Mark Scout shook his head. “It was more complicated than that. But he couldn’t tell me much. The reintegration process fucked with his head, and he kept..” He trailed off as he noticed Mark hanging on to every word he was saying. He winced as he continued. “He kept.. losing his mind, man. I don’t know what to tell you. Hallucinating things. You guys, I think. Coworkers. Said something about an Irving and a Dylan.”
A tear rolled down Mark’s face, and he silently marveled at the fact that he was capable of crying. Mark Scout seemed to feel the same astonishment. “He remembered us?”
“Yeah, he did. He loved you guys a lot. He wanted to fight for you all.”
“Wanted to?”
Mark Scout paused, as if debating whether to say it or not. A cold feeling settled in Mark’s stomach. “What happened to him?”
“He died, Mark. From reintegration sickness, uh, just the process of reintegration.”
There was silence in the basement for a few minutes.
Mark could sense Mark Scout reaching a hand out, probably for comfort, from where his face was buried into his legs. Then felt the hand make contact with his shoulder. He sobbed.
The hand stilled in shock at the sound, but when Mark kept going, kept crying with a grief he never knew he held, Mark Scout’s grip tightened.
“I’m… sorry, man.” He sounded similarly choked up.
“Were..” Mark struggled to get the words out. “Were you there for him? When he.. died?”
Mark Scout was silent, and Mark’s heart sank.

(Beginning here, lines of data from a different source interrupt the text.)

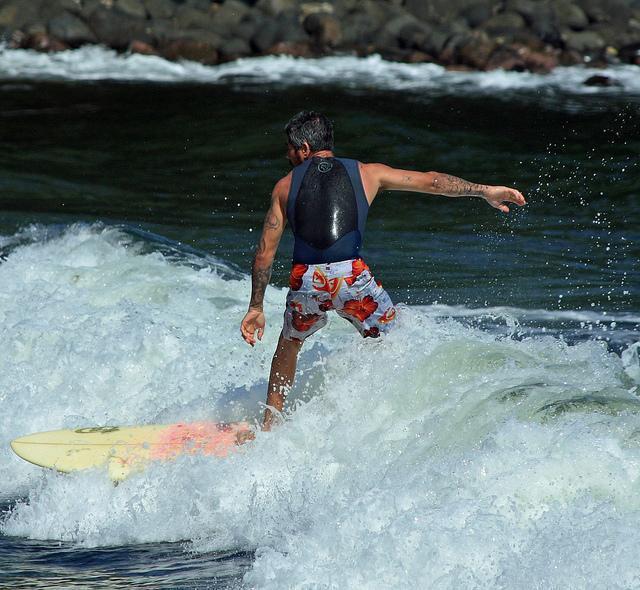How many birds are standing in the pizza box?
Give a very brief answer. 0. 
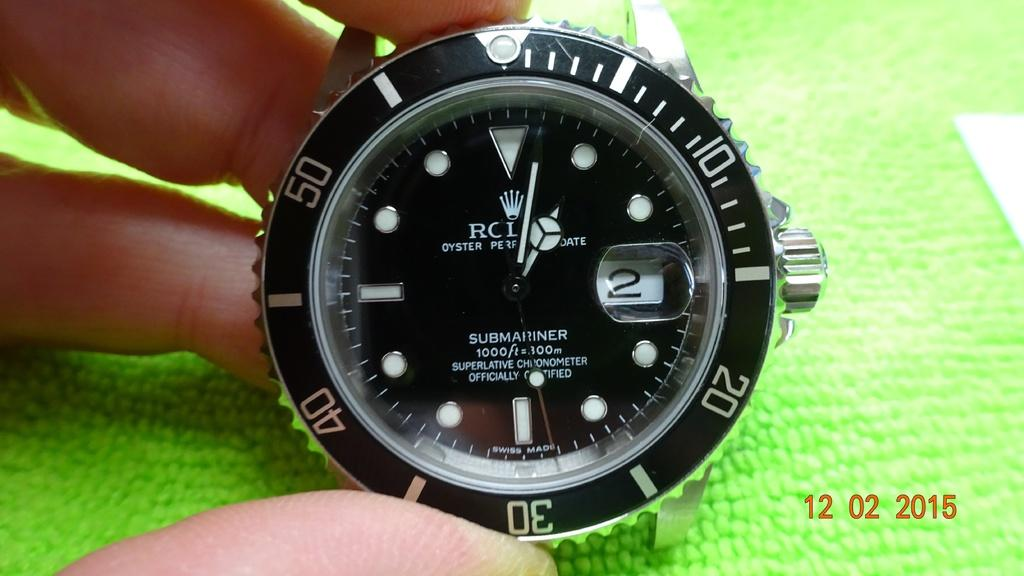Provide a one-sentence caption for the provided image. A picture of an RCI Oyster watch was taken in 2015. 
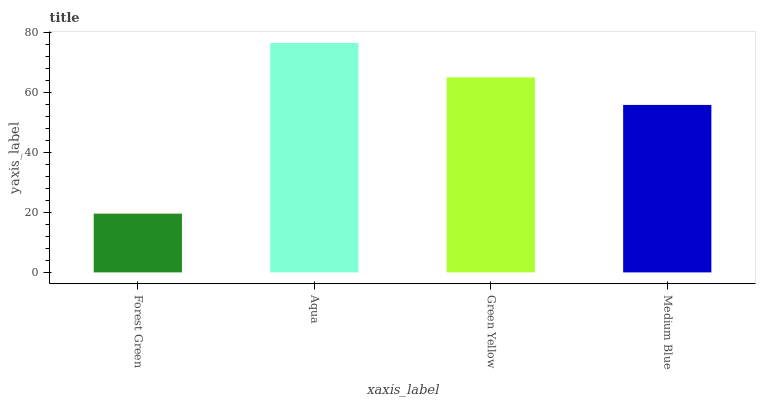Is Forest Green the minimum?
Answer yes or no. Yes. Is Aqua the maximum?
Answer yes or no. Yes. Is Green Yellow the minimum?
Answer yes or no. No. Is Green Yellow the maximum?
Answer yes or no. No. Is Aqua greater than Green Yellow?
Answer yes or no. Yes. Is Green Yellow less than Aqua?
Answer yes or no. Yes. Is Green Yellow greater than Aqua?
Answer yes or no. No. Is Aqua less than Green Yellow?
Answer yes or no. No. Is Green Yellow the high median?
Answer yes or no. Yes. Is Medium Blue the low median?
Answer yes or no. Yes. Is Forest Green the high median?
Answer yes or no. No. Is Forest Green the low median?
Answer yes or no. No. 
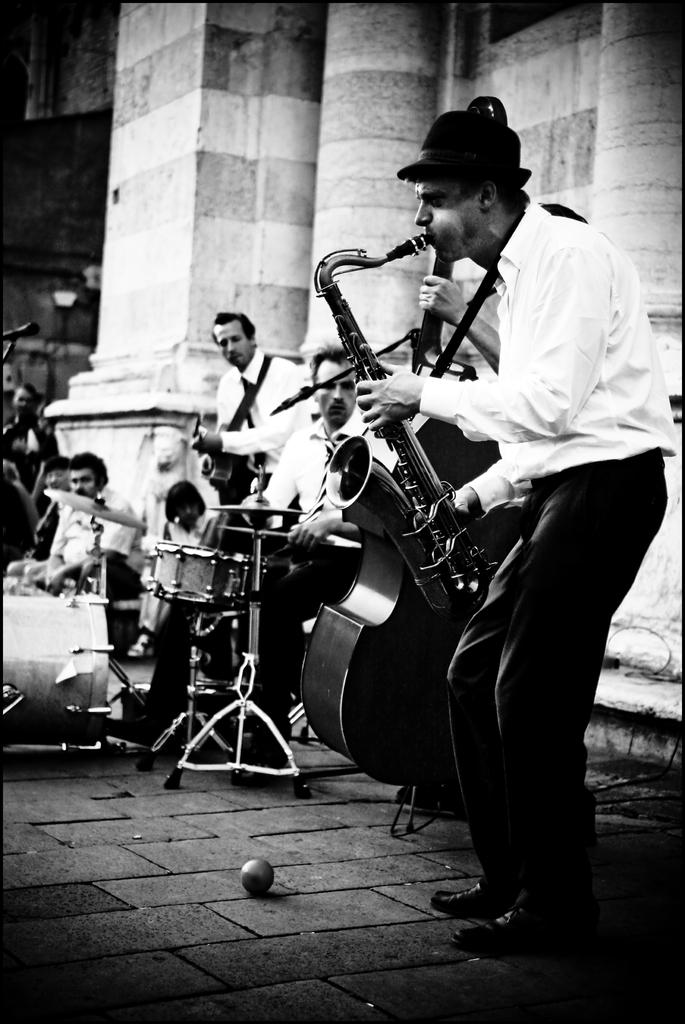What are the people in the image doing? The people in the image are performing. What type of performance are they engaged in? The performance involves playing musical instruments. What can be seen in the background of the image? There is a wall in the background of the image. How much debt do the people owe after their performance in the image? There is no information about debt in the image, as it focuses on the people performing with musical instruments.

Fuck. Petey died. His best friend was dead. Petey didn’t even have the comfort of Mark being there for him.
-
Fuck.
Mark S was hurting. Was.. Petey the one Mr. Milchick had been referencing? Had he fallen for Petey? Mark didn’t want to ask and make it worse for Mark S right now, but it would make sense, the way Petey had come to Mark for comfort first. And what had Mark done? He’d ignored Petey until now. Hadn’t even looked further into Petey’s claims of employee abuse at Lumon. It had taken his own innie to show up for Mark to realize Mark S was a person. An individual. A human being who was being abused even if he didn’t realize it.
He shook his head. He would fix this.
“We’ll figure it out,” he told Mark S. “Like I said, you’re not going back. I’m going to help you finish what Petey started, and we’ll find out the truth of what you guys are doing at Lumon.”
Mark S lifted his head, and Mark felt a stab of guilt at the hope he saw in Mark S’s eyes, an easy trust that he didn’t deserve, as well as the same grief he never wanted Mark S to experience.
He leaned in, surprising both of them by pulling Mark S into a hug. After a beat, he hugged back just as strongly, melting into the embrace.
“I’ll fix this,” Mark vowed. No matter what.